**Problem**
An exact copy of every entry is needed, without any of the pictures.

**Supplied records**
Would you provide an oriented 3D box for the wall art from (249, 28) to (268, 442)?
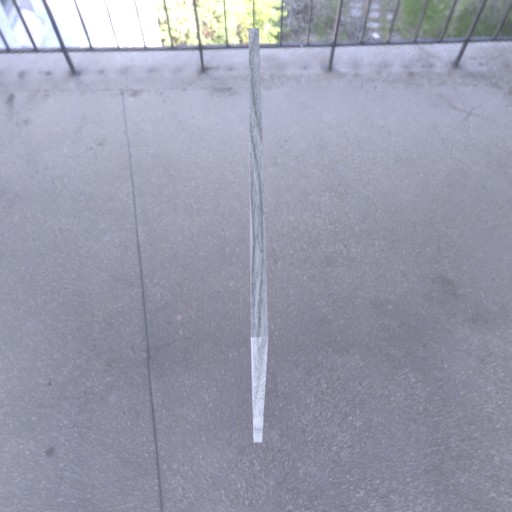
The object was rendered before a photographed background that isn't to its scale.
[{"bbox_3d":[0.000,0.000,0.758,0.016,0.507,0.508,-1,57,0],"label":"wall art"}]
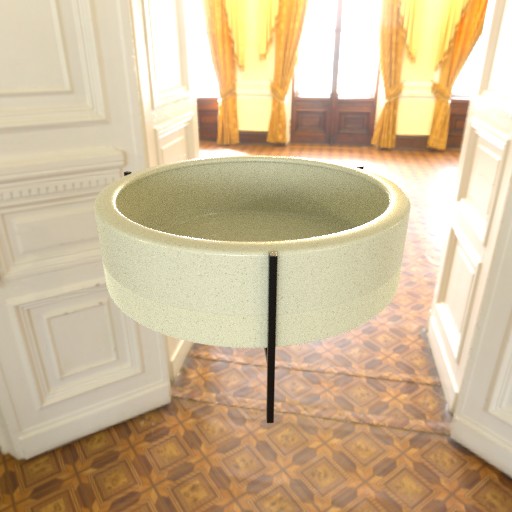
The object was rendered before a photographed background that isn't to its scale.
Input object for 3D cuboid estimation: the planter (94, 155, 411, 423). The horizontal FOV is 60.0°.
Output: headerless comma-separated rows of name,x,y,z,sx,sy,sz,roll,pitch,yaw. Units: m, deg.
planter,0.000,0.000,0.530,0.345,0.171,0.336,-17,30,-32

**Result of this task**
Would you provide an oriented 3D box for the wall art from (249, 28) to (268, 442)?
The object was rendered before a photographed background that isn't to its scale.
[{"bbox_3d":[0.000,0.000,0.758,0.016,0.507,0.508,-1,57,0],"label":"wall art"}]
The object was rendered before a photographed background that isn't to its scale.
Input object for 3D cuboid estimation: the planter (94, 155, 411, 423). The horizontal FOV is 60.0°.
Output: headerless comma-separated rows of name,x,y,z,sx,sy,sz,roll,pitch,yaw. Units: m, deg.
planter,0.000,0.000,0.530,0.345,0.171,0.336,-17,30,-32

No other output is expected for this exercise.